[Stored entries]
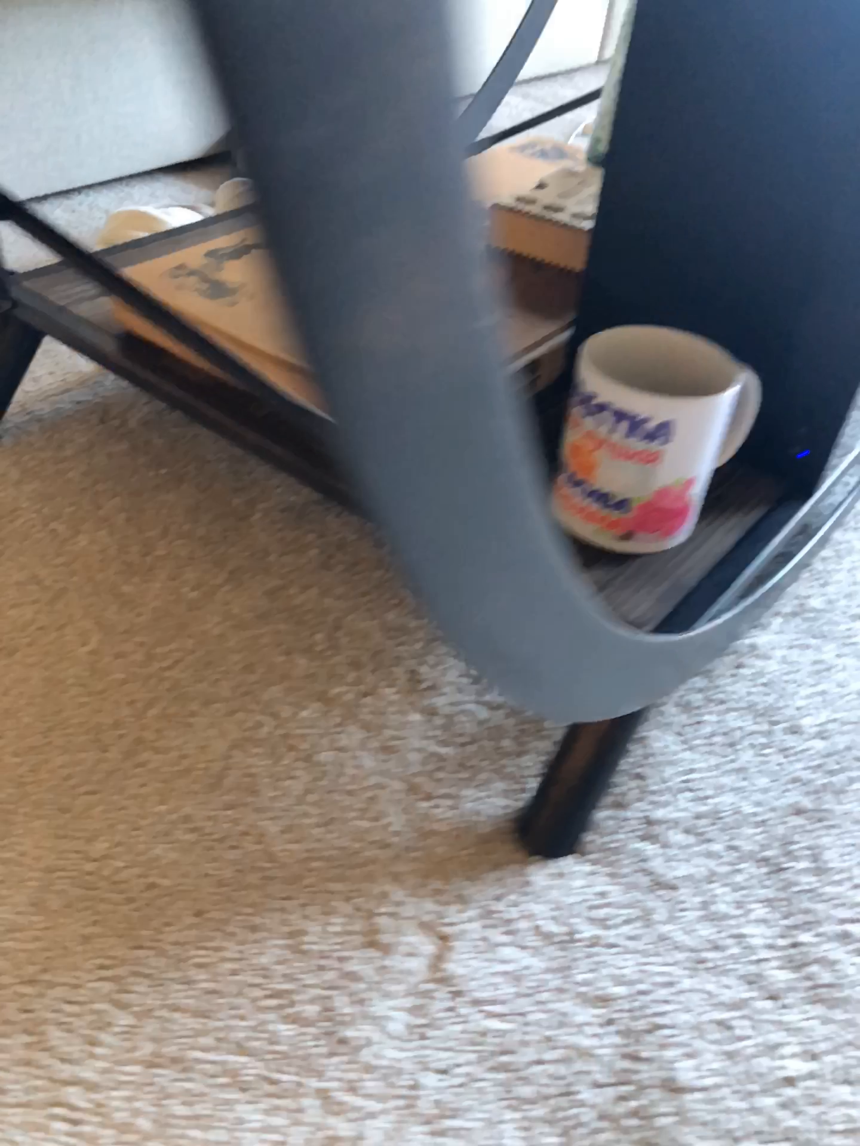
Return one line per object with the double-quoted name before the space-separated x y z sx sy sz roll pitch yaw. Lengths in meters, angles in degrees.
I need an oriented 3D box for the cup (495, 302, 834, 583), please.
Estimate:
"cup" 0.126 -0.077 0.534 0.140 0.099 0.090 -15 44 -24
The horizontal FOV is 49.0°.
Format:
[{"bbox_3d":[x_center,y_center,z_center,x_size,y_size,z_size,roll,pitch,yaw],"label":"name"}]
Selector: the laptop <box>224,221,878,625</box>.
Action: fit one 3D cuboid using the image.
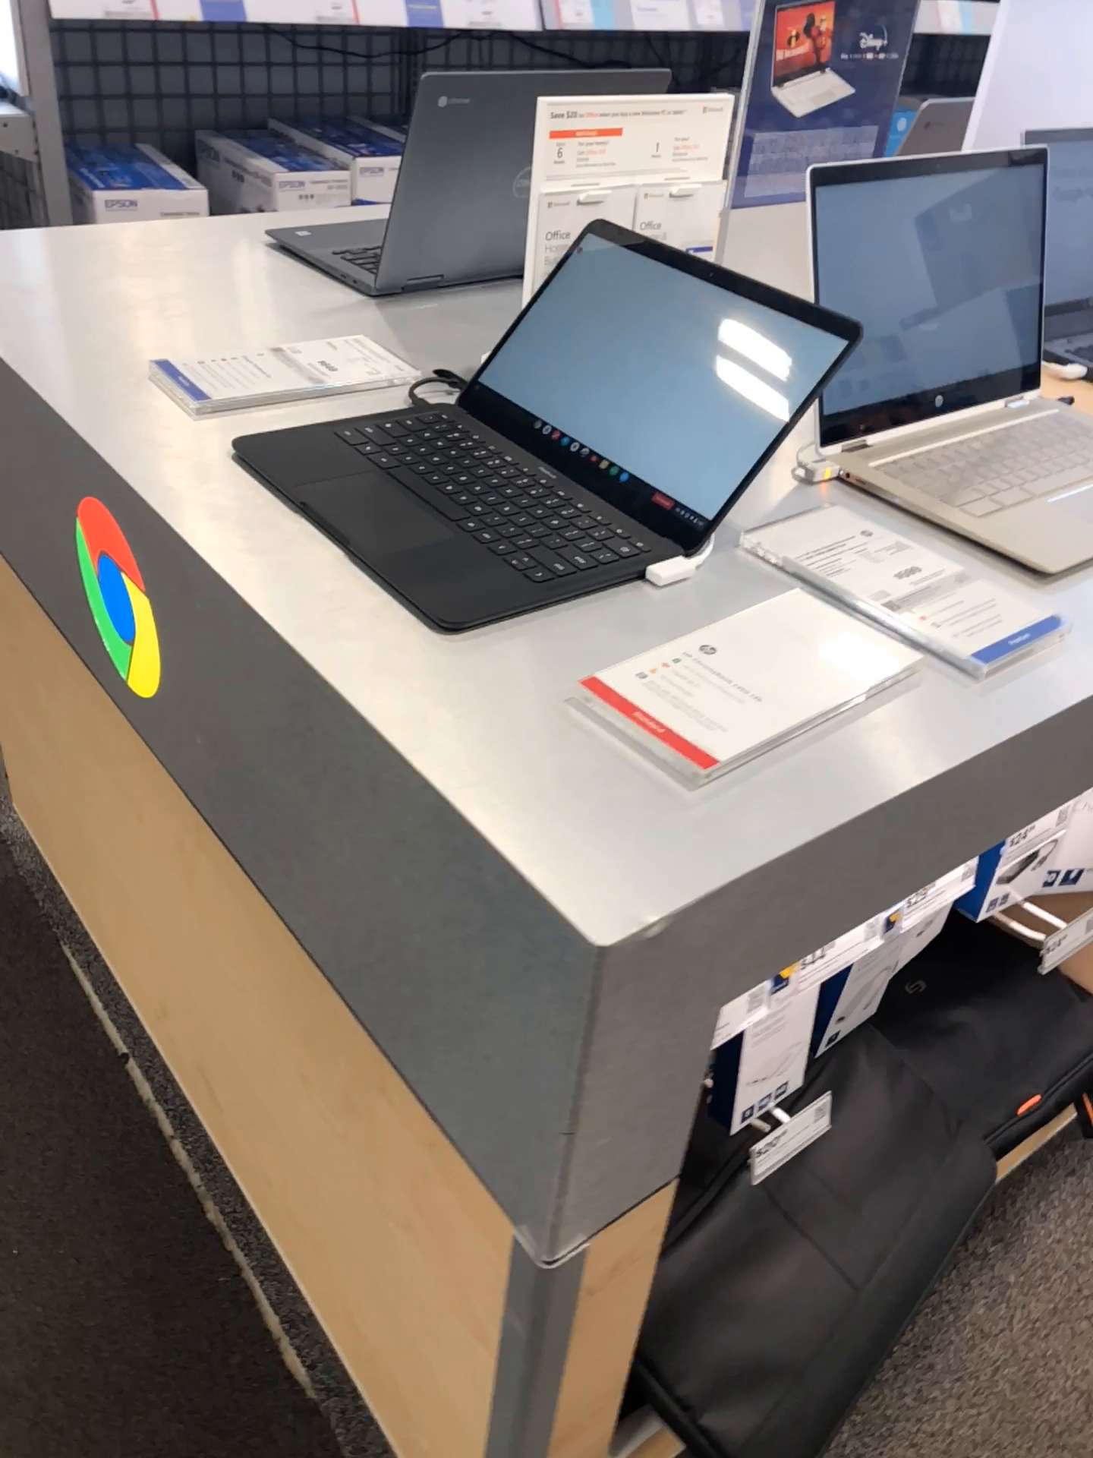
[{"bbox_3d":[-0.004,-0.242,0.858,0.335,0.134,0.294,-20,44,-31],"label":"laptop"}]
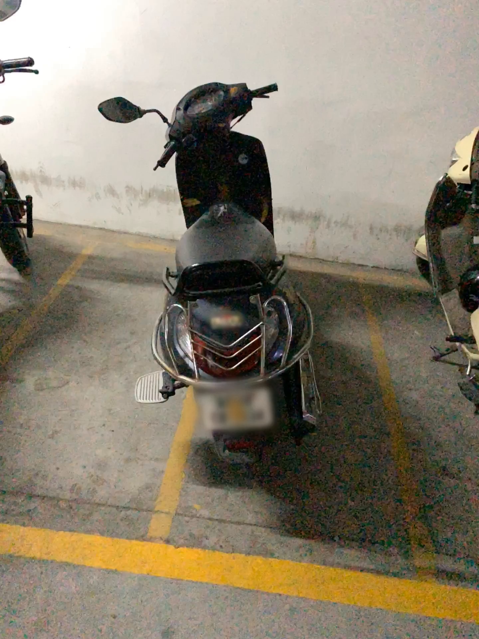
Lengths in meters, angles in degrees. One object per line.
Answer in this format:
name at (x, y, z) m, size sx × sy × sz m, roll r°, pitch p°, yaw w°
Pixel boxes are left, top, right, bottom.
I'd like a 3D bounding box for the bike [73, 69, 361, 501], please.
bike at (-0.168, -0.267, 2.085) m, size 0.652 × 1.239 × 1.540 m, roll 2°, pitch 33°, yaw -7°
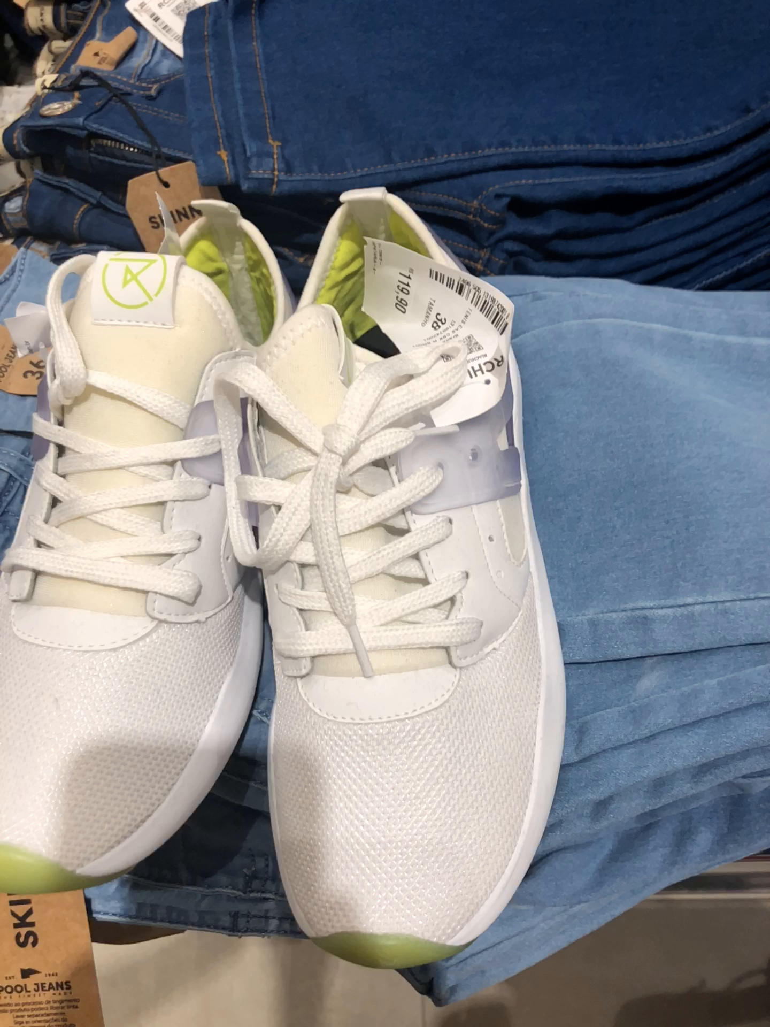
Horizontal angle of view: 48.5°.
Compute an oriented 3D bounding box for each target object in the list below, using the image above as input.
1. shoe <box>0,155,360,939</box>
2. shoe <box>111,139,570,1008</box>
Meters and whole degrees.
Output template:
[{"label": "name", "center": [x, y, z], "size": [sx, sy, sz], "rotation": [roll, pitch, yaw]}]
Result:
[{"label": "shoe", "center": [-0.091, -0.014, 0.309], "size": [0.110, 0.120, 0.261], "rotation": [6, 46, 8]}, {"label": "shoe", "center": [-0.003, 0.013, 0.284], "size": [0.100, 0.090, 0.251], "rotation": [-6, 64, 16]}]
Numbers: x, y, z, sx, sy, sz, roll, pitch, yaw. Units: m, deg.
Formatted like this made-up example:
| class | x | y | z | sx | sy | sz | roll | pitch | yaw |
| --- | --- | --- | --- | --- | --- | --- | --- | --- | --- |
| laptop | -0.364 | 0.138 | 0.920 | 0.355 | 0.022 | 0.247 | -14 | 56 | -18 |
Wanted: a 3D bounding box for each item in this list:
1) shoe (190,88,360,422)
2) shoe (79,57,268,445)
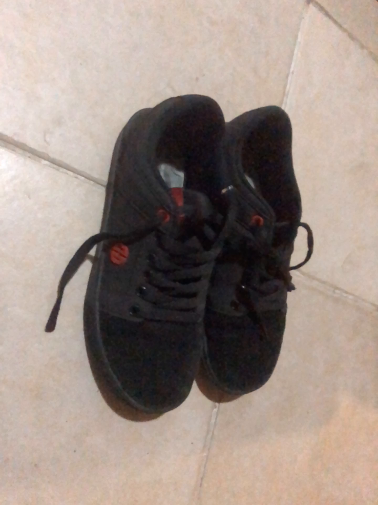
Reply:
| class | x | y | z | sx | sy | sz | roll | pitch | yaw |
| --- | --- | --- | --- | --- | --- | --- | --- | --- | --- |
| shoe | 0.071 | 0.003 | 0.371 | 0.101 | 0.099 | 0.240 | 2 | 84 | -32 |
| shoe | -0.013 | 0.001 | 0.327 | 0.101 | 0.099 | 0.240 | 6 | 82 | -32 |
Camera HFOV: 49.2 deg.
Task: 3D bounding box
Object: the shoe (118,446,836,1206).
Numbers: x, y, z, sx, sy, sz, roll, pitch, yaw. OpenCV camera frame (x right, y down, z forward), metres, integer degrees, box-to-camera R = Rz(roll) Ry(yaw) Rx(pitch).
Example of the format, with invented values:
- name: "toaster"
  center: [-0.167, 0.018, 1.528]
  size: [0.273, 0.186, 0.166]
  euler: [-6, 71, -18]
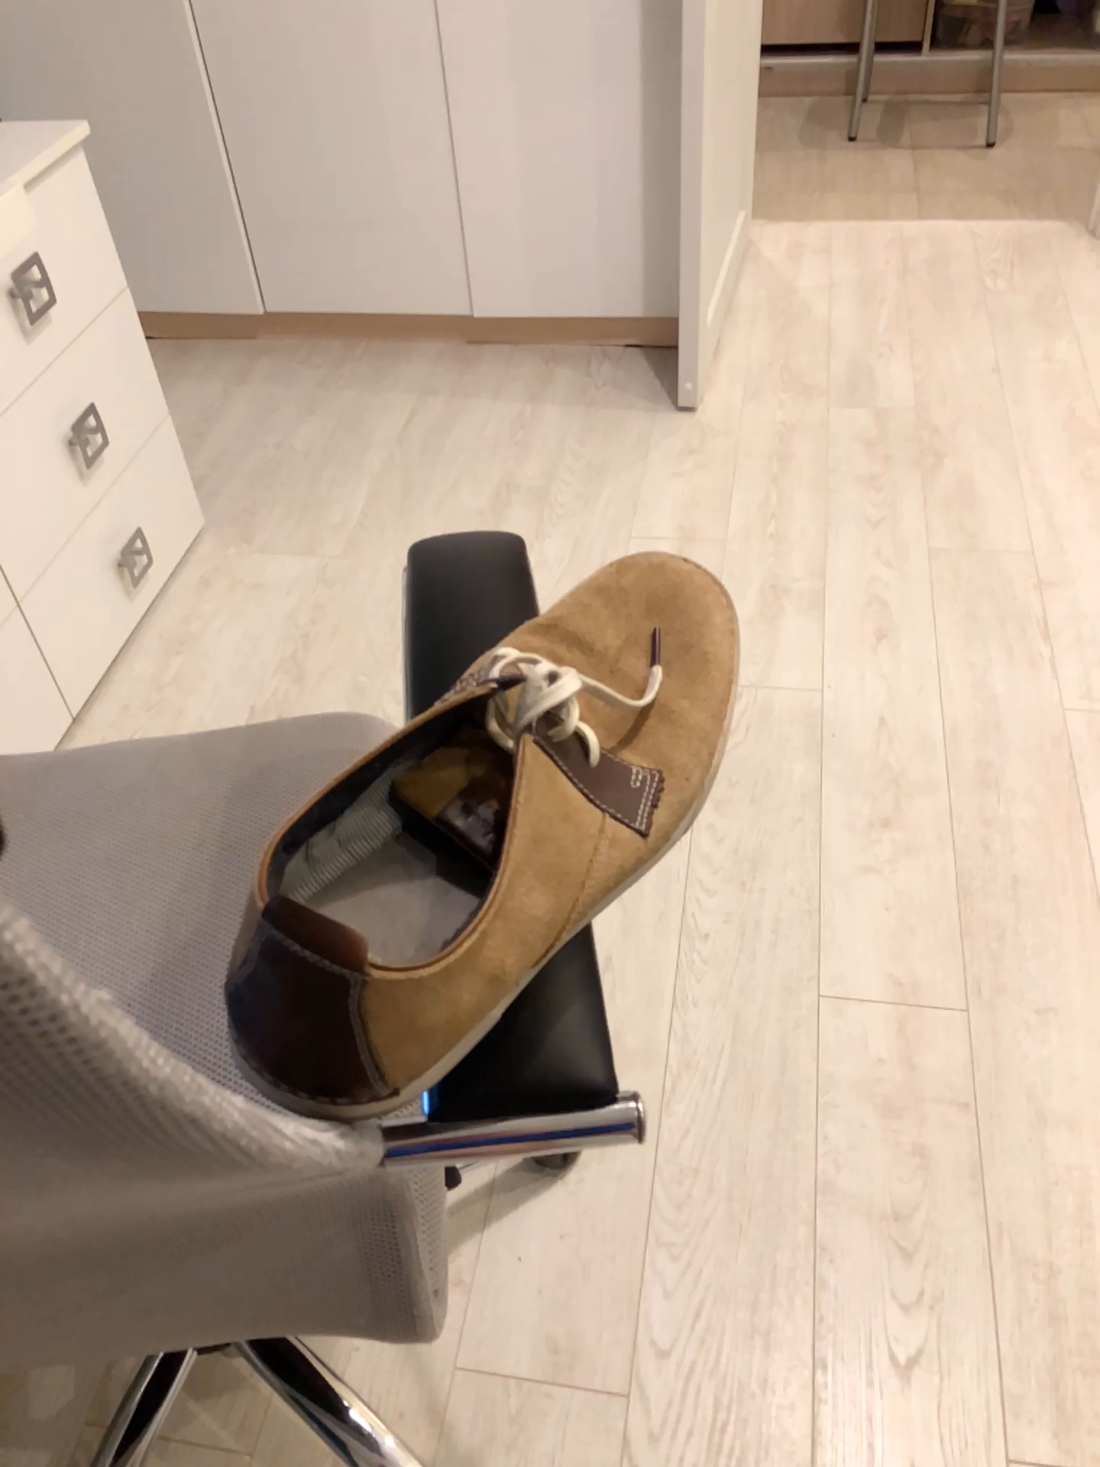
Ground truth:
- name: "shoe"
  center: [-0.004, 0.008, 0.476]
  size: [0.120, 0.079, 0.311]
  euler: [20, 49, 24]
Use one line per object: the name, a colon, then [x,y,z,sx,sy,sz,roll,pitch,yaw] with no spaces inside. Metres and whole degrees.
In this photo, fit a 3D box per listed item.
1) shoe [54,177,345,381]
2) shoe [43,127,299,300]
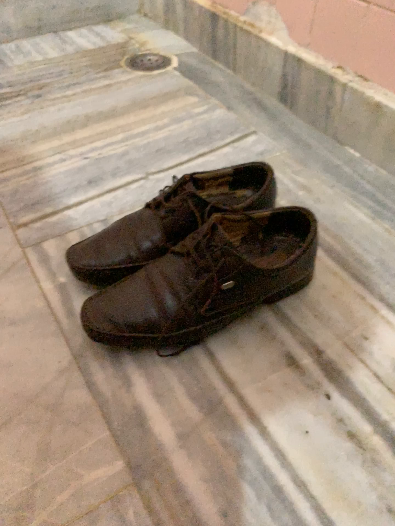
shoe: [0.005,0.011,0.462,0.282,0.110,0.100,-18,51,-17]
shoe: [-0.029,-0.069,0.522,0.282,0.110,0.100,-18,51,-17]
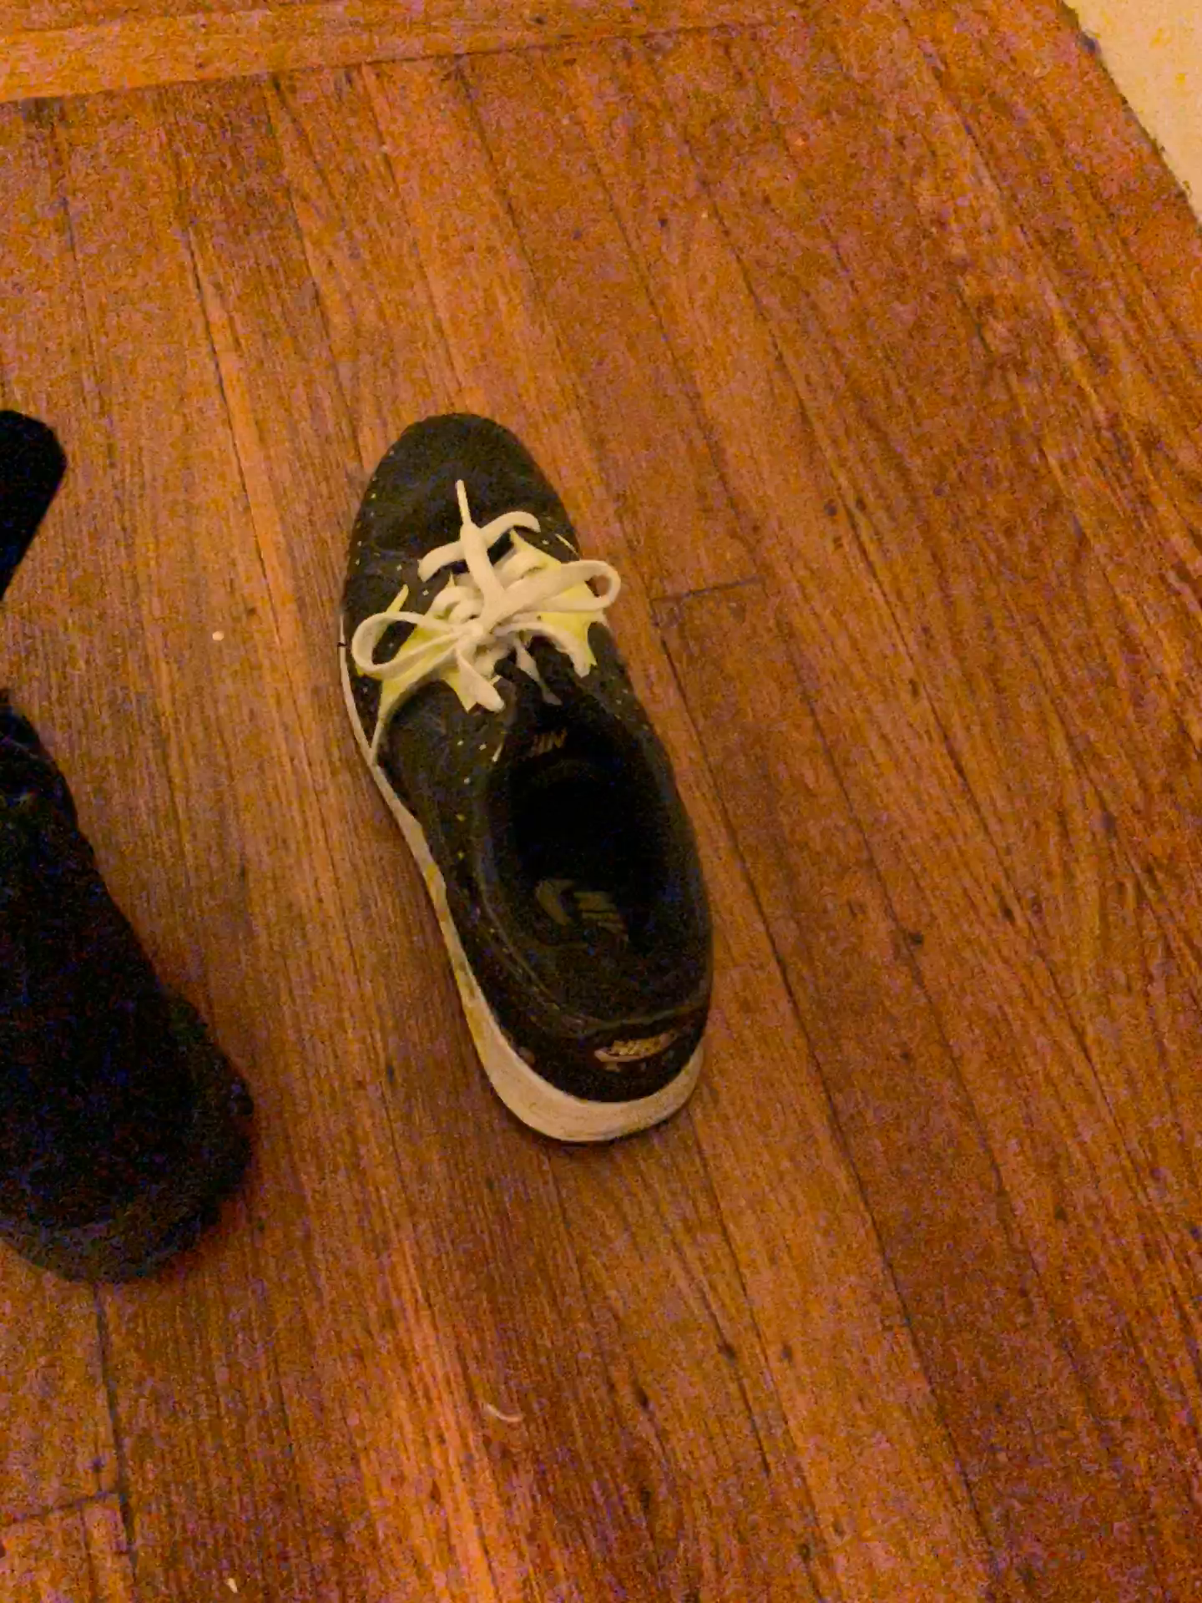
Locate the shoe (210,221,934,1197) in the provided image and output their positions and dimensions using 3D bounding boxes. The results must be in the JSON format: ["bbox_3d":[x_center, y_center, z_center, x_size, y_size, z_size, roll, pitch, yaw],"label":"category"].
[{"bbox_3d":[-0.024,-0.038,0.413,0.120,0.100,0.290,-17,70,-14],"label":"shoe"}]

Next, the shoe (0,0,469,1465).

• _Exercise aim_: Above, find the line holding "-14 | 56 | -18 |" and the line holding "Object: the shoe (118,446,836,1206).". Print exactly those two lines and every line between them, but no pictures.

• _Exercise response_:
| laptop | -0.364 | 0.138 | 0.920 | 0.355 | 0.022 | 0.247 | -14 | 56 | -18 |
Wanted: a 3D bounding box for each item in this list:
1) shoe (190,88,360,422)
2) shoe (79,57,268,445)
Reply:
| class | x | y | z | sx | sy | sz | roll | pitch | yaw |
| --- | --- | --- | --- | --- | --- | --- | --- | --- | --- |
| shoe | 0.071 | 0.003 | 0.371 | 0.101 | 0.099 | 0.240 | 2 | 84 | -32 |
| shoe | -0.013 | 0.001 | 0.327 | 0.101 | 0.099 | 0.240 | 6 | 82 | -32 |
Camera HFOV: 49.2 deg.
Task: 3D bounding box
Object: the shoe (118,446,836,1206).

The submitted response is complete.